### Aim of the task
The answer should reproduce every entry exactly and contain no images.

### Listed entries
──────────

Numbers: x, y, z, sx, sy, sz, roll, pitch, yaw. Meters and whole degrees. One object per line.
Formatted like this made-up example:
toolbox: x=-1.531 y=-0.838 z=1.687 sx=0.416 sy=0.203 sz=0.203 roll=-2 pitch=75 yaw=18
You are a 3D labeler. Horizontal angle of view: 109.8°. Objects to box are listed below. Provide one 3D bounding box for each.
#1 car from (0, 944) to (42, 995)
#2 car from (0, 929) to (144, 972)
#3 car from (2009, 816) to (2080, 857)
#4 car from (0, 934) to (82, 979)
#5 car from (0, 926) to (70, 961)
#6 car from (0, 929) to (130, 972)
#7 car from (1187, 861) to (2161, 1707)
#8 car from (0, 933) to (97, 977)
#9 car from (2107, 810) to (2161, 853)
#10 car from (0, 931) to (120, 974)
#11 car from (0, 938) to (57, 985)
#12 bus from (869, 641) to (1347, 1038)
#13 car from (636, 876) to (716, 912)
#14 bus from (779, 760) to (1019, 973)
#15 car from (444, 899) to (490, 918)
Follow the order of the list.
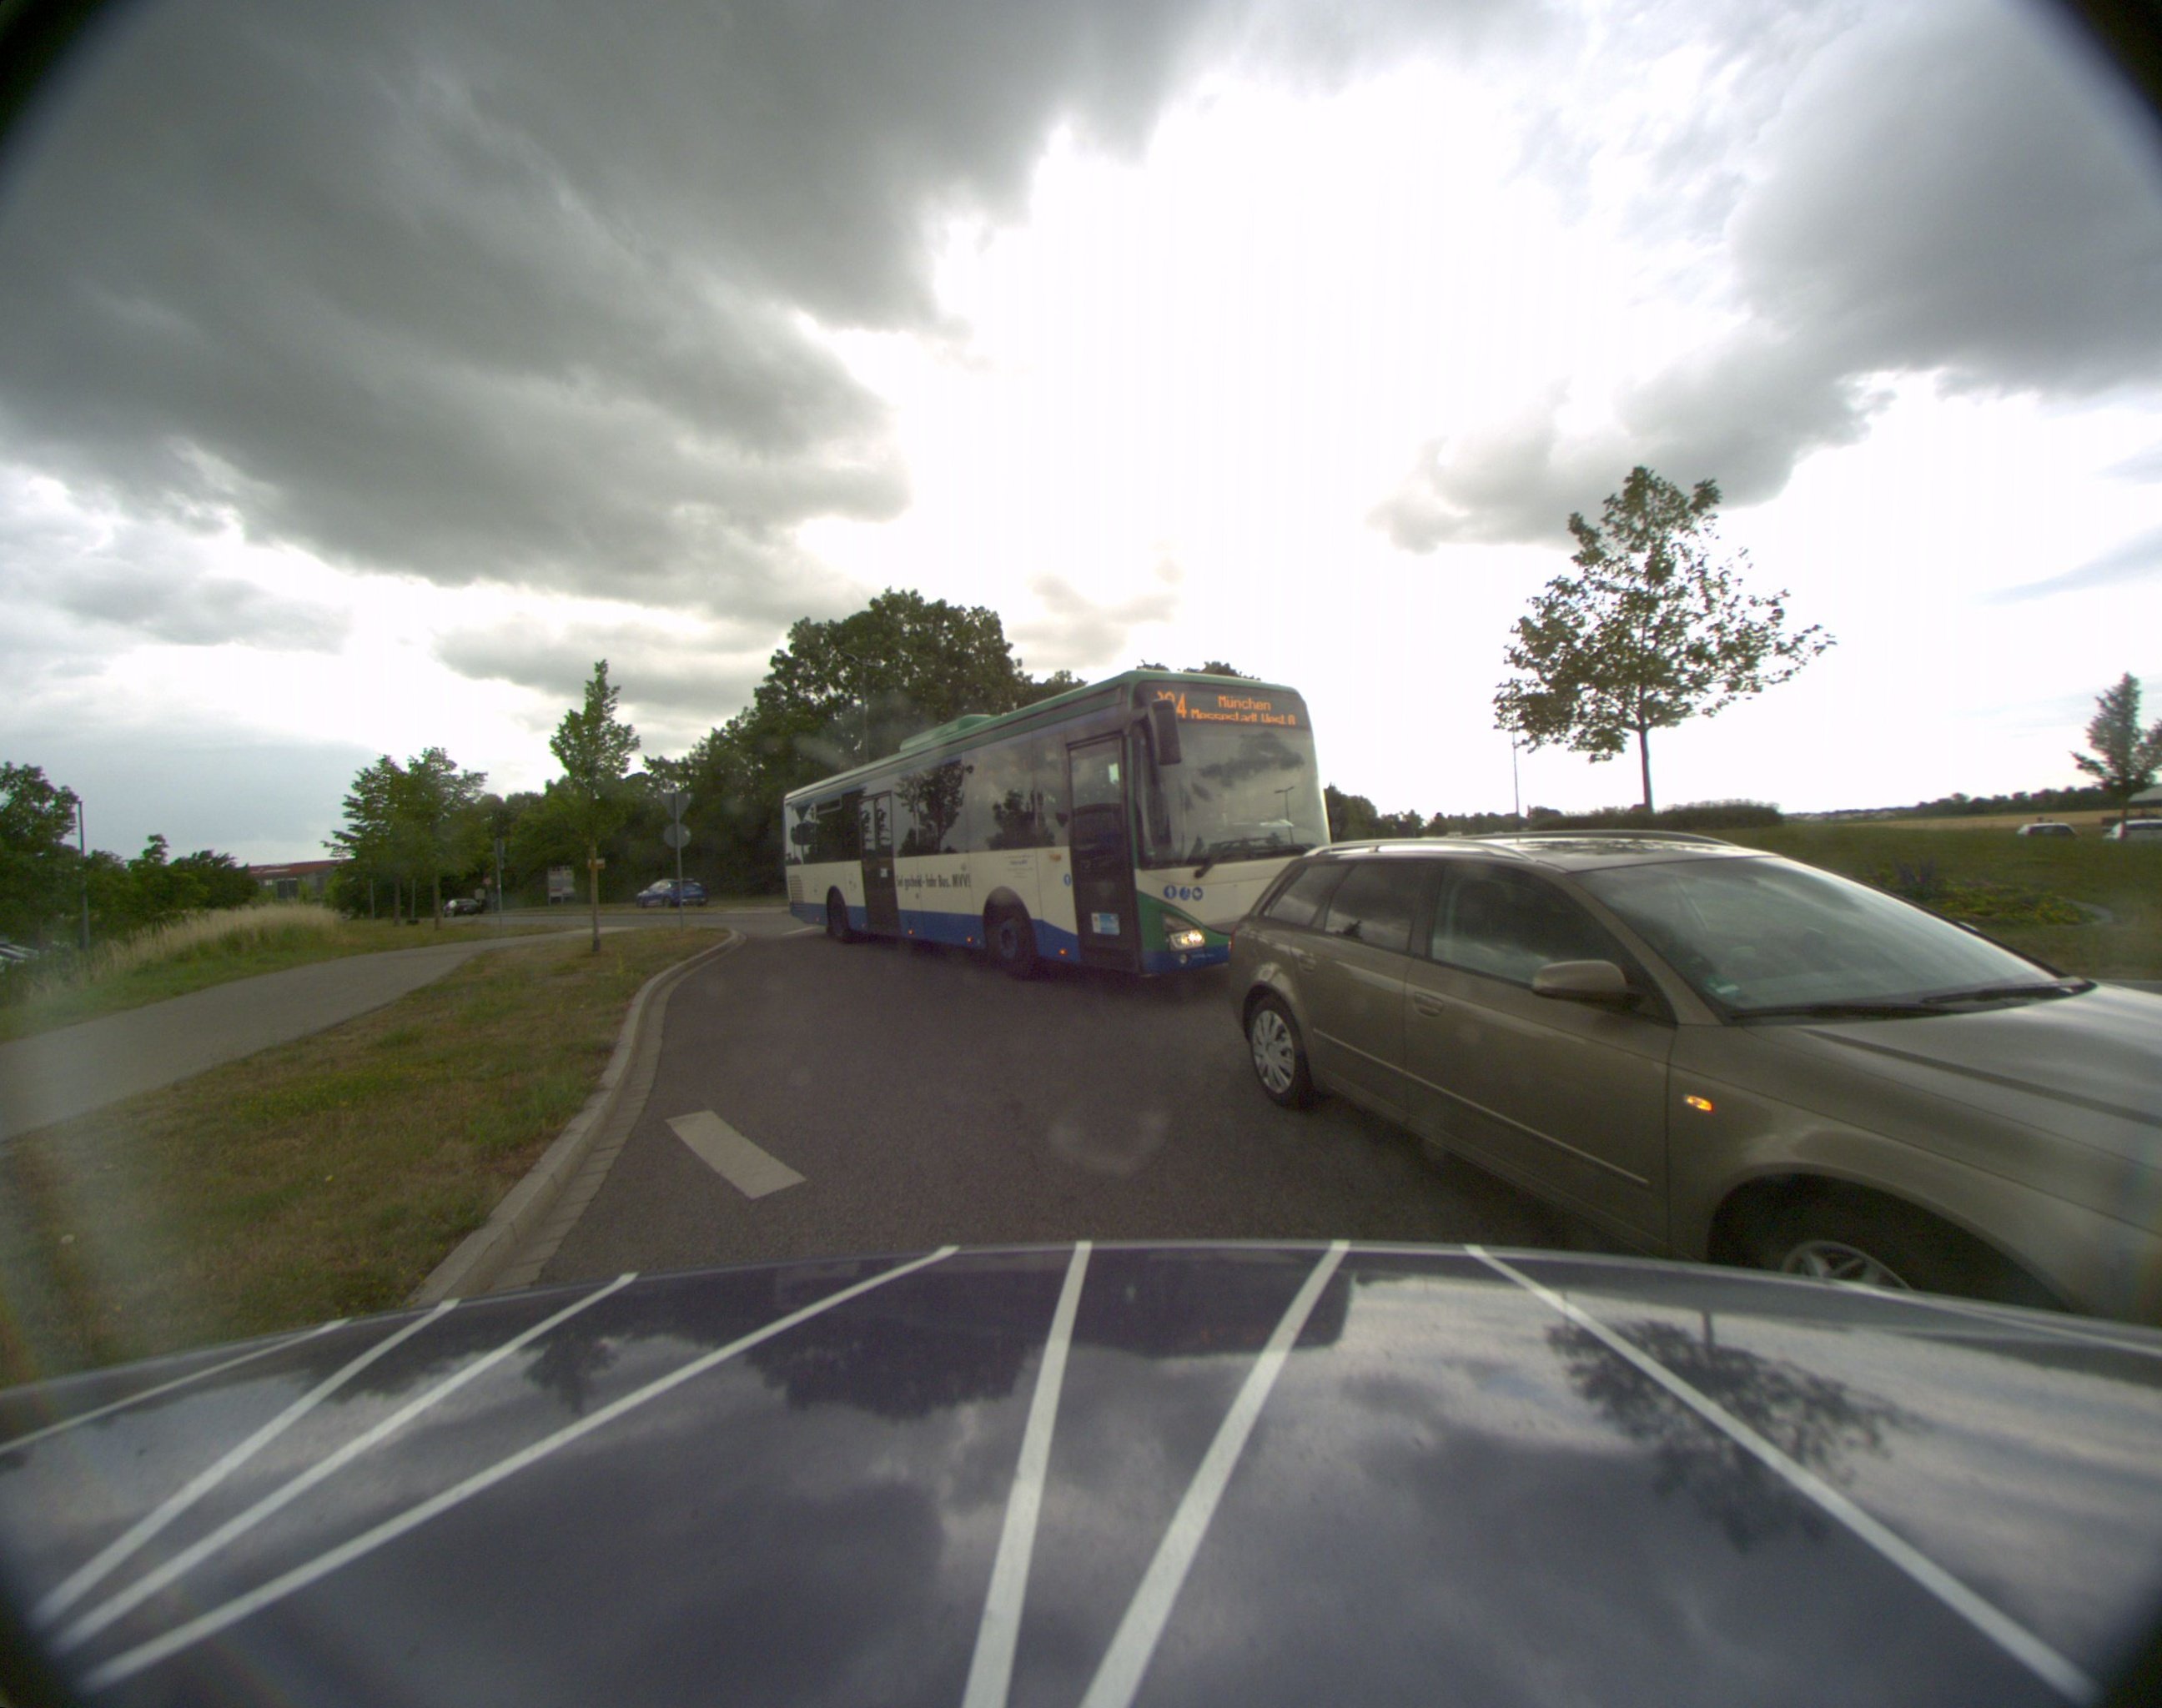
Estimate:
car: x=-35.995 y=3.825 z=23.683 sx=3.896 sy=1.455 sz=1.693 roll=-3 pitch=0 yaw=-40
car: x=-48.404 y=4.591 z=36.536 sx=3.896 sy=1.455 sz=1.693 roll=-3 pitch=0 yaw=-40
car: x=44.265 y=-0.812 z=34.886 sx=4.006 sy=1.544 sz=1.712 roll=-5 pitch=0 yaw=-35
car: x=-41.020 y=3.971 z=28.550 sx=3.896 sy=1.455 sz=1.693 roll=-3 pitch=0 yaw=-40
car: x=-52.292 y=4.420 z=36.720 sx=1.879 sy=1.435 sz=4.007 roll=-3 pitch=1 yaw=35
car: x=-47.404 y=4.458 z=35.170 sx=3.896 sy=1.455 sz=1.693 roll=-3 pitch=0 yaw=-40
car: x=2.146 y=0.789 z=2.926 sx=1.784 sy=1.456 sz=4.535 roll=-2 pitch=0 yaw=-15
car: x=-43.273 y=4.165 z=30.734 sx=3.896 sy=1.455 sz=1.693 roll=-3 pitch=0 yaw=-40
car: x=46.125 y=-1.001 z=32.973 sx=4.006 sy=1.544 sz=1.712 roll=-5 pitch=0 yaw=-35
car: x=-45.823 y=4.383 z=33.556 sx=3.896 sy=1.455 sz=1.693 roll=-3 pitch=0 yaw=-40
car: x=-38.933 y=3.878 z=26.243 sx=3.896 sy=1.455 sz=1.693 roll=-3 pitch=0 yaw=-40
bus: x=-0.260 y=-0.142 z=9.589 sx=2.529 sy=3.240 sz=6.531 roll=-3 pitch=1 yaw=-35
car: x=-19.735 y=1.966 z=36.956 sx=4.072 sy=1.422 sz=1.766 roll=-6 pitch=0 yaw=37
bus: x=-3.703 y=0.153 z=14.504 sx=2.529 sy=3.240 sz=5.446 roll=-3 pitch=2 yaw=-35
car: x=-47.824 y=4.254 z=59.132 sx=4.103 sy=1.299 sz=1.834 roll=-3 pitch=-1 yaw=38

──────────

### Completed task
Numbers: x, y, z, sx, sy, sz, roll, pitch, yaw. Meters and whole degrees. One object per line.
Formatted like this made-up example:
toolbox: x=-1.531 y=-0.838 z=1.687 sx=0.416 sy=0.203 sz=0.203 roll=-2 pitch=75 yaw=18
You are a 3D labeler. Horizontal angle of view: 109.8°. Objects to box are listed below. Provide one 3D bounding box for each.
#1 car from (0, 944) to (42, 995)
#2 car from (0, 929) to (144, 972)
#3 car from (2009, 816) to (2080, 857)
#4 car from (0, 934) to (82, 979)
#5 car from (0, 926) to (70, 961)
#6 car from (0, 929) to (130, 972)
#7 car from (1187, 861) to (2161, 1707)
#8 car from (0, 933) to (97, 977)
#9 car from (2107, 810) to (2161, 853)
#10 car from (0, 931) to (120, 974)
#11 car from (0, 938) to (57, 985)
#12 bus from (869, 641) to (1347, 1038)
#13 car from (636, 876) to (716, 912)
#14 bus from (779, 760) to (1019, 973)
#15 car from (444, 899) to (490, 918)
Follow the order of the list.
Estimate:
car: x=-35.995 y=3.825 z=23.683 sx=3.896 sy=1.455 sz=1.693 roll=-3 pitch=0 yaw=-40
car: x=-48.404 y=4.591 z=36.536 sx=3.896 sy=1.455 sz=1.693 roll=-3 pitch=0 yaw=-40
car: x=44.265 y=-0.812 z=34.886 sx=4.006 sy=1.544 sz=1.712 roll=-5 pitch=0 yaw=-35
car: x=-41.020 y=3.971 z=28.550 sx=3.896 sy=1.455 sz=1.693 roll=-3 pitch=0 yaw=-40
car: x=-52.292 y=4.420 z=36.720 sx=1.879 sy=1.435 sz=4.007 roll=-3 pitch=1 yaw=35
car: x=-47.404 y=4.458 z=35.170 sx=3.896 sy=1.455 sz=1.693 roll=-3 pitch=0 yaw=-40
car: x=2.146 y=0.789 z=2.926 sx=1.784 sy=1.456 sz=4.535 roll=-2 pitch=0 yaw=-15
car: x=-43.273 y=4.165 z=30.734 sx=3.896 sy=1.455 sz=1.693 roll=-3 pitch=0 yaw=-40
car: x=46.125 y=-1.001 z=32.973 sx=4.006 sy=1.544 sz=1.712 roll=-5 pitch=0 yaw=-35
car: x=-45.823 y=4.383 z=33.556 sx=3.896 sy=1.455 sz=1.693 roll=-3 pitch=0 yaw=-40
car: x=-38.933 y=3.878 z=26.243 sx=3.896 sy=1.455 sz=1.693 roll=-3 pitch=0 yaw=-40
bus: x=-0.260 y=-0.142 z=9.589 sx=2.529 sy=3.240 sz=6.531 roll=-3 pitch=1 yaw=-35
car: x=-19.735 y=1.966 z=36.956 sx=4.072 sy=1.422 sz=1.766 roll=-6 pitch=0 yaw=37
bus: x=-3.703 y=0.153 z=14.504 sx=2.529 sy=3.240 sz=5.446 roll=-3 pitch=2 yaw=-35
car: x=-47.824 y=4.254 z=59.132 sx=4.103 sy=1.299 sz=1.834 roll=-3 pitch=-1 yaw=38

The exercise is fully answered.